**Aim of the exercise:**
Your copy should begin with the line containing "Does Saddle Brown have the minimum", end with the line containing "accumulated<fcel>Net benefit payments<fcel>Service", match the listing below exactly, and contain no pictures.

**Available records:**
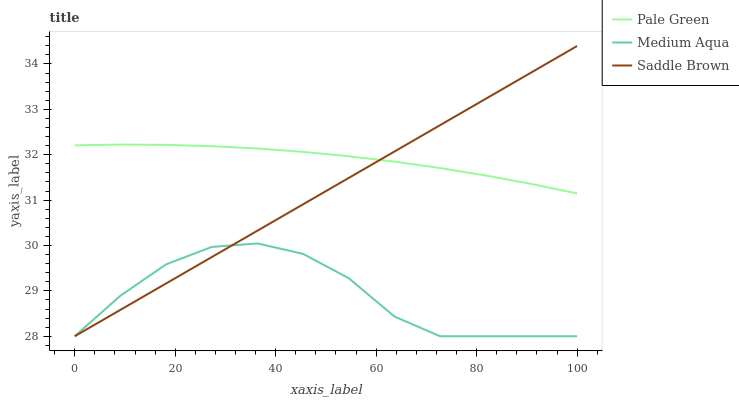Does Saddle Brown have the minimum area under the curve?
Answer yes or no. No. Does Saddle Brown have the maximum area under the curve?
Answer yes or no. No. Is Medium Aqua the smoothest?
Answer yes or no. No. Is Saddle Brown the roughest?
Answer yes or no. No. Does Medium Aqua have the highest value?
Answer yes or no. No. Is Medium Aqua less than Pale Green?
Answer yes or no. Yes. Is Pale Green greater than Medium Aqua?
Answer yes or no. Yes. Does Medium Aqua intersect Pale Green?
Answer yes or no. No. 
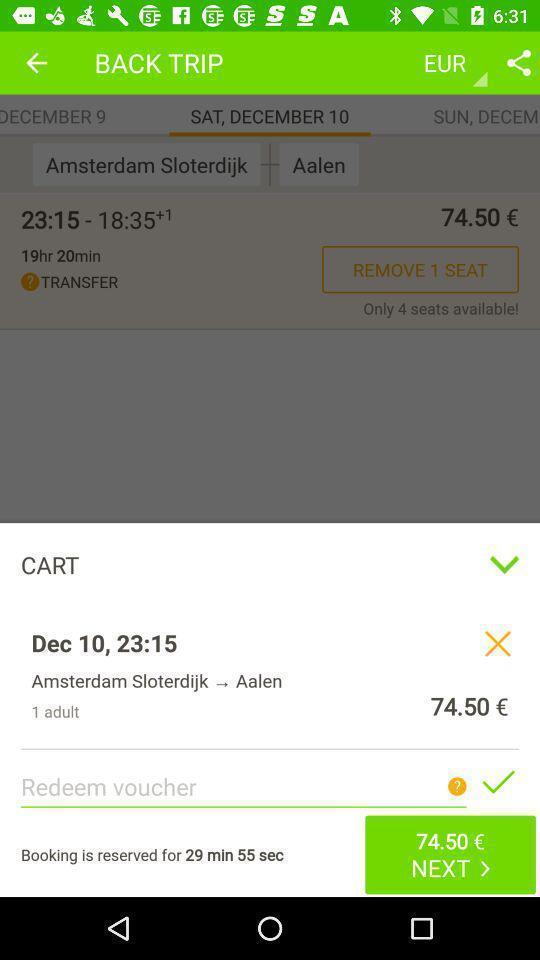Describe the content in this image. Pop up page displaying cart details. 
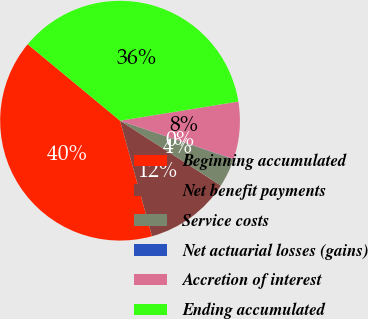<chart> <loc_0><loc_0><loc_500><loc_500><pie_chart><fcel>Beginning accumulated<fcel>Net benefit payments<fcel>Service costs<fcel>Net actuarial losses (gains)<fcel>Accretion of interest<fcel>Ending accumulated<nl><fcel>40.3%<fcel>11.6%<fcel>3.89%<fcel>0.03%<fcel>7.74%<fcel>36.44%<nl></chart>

==

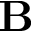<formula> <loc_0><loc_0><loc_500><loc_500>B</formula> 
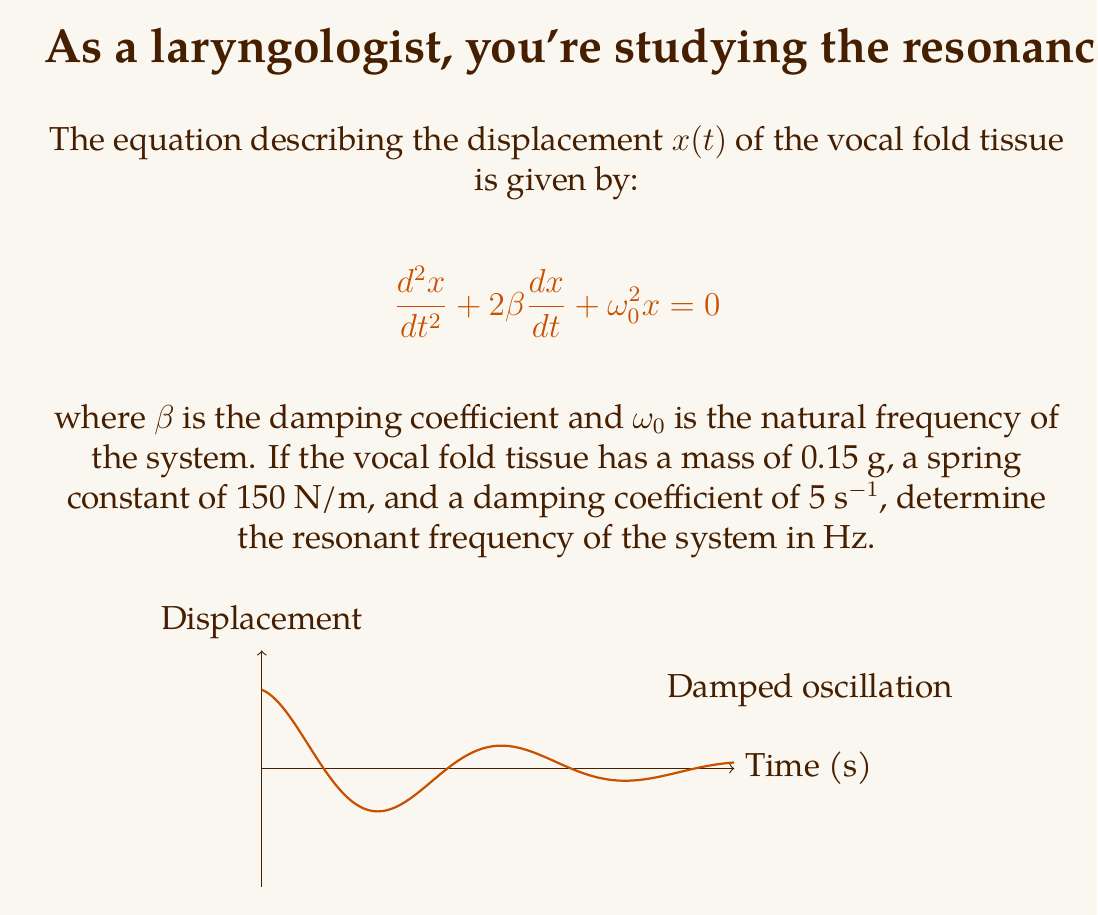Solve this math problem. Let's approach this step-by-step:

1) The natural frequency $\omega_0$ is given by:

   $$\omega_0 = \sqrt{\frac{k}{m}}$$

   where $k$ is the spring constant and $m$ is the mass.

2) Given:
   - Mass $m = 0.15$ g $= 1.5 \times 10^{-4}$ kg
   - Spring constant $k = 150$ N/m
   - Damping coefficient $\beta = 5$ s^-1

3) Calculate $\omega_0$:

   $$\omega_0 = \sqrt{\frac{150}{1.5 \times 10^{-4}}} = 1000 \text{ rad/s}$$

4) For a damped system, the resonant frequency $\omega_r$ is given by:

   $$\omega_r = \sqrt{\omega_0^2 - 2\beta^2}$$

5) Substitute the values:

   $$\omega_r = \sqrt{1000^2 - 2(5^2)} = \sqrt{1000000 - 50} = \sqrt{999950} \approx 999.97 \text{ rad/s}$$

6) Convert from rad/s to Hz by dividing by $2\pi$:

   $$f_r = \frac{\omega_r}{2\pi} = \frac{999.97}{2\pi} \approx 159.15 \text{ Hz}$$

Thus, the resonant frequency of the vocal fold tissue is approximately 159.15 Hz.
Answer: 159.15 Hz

**Exercise solution:**
Does Saddle Brown have the minimum area under the curve?
Answer yes or no. No. Does Saddle Brown have the maximum area under the curve?
Answer yes or no. No. Is Medium Aqua the smoothest?
Answer yes or no. No. Is Saddle Brown the roughest?
Answer yes or no. No. Does Medium Aqua have the highest value?
Answer yes or no. No. Is Medium Aqua less than Pale Green?
Answer yes or no. Yes. Is Pale Green greater than Medium Aqua?
Answer yes or no. Yes. Does Medium Aqua intersect Pale Green?
Answer yes or no. No. 
Describe the content in this image. Pop up page displaying cart details. 
<chart> <loc_0><loc_0><loc_500><loc_500><pie_chart><fcel>Beginning accumulated<fcel>Net benefit payments<fcel>Service costs<fcel>Net actuarial losses (gains)<fcel>Accretion of interest<fcel>Ending accumulated<nl><fcel>40.3%<fcel>11.6%<fcel>3.89%<fcel>0.03%<fcel>7.74%<fcel>36.44%<nl></chart>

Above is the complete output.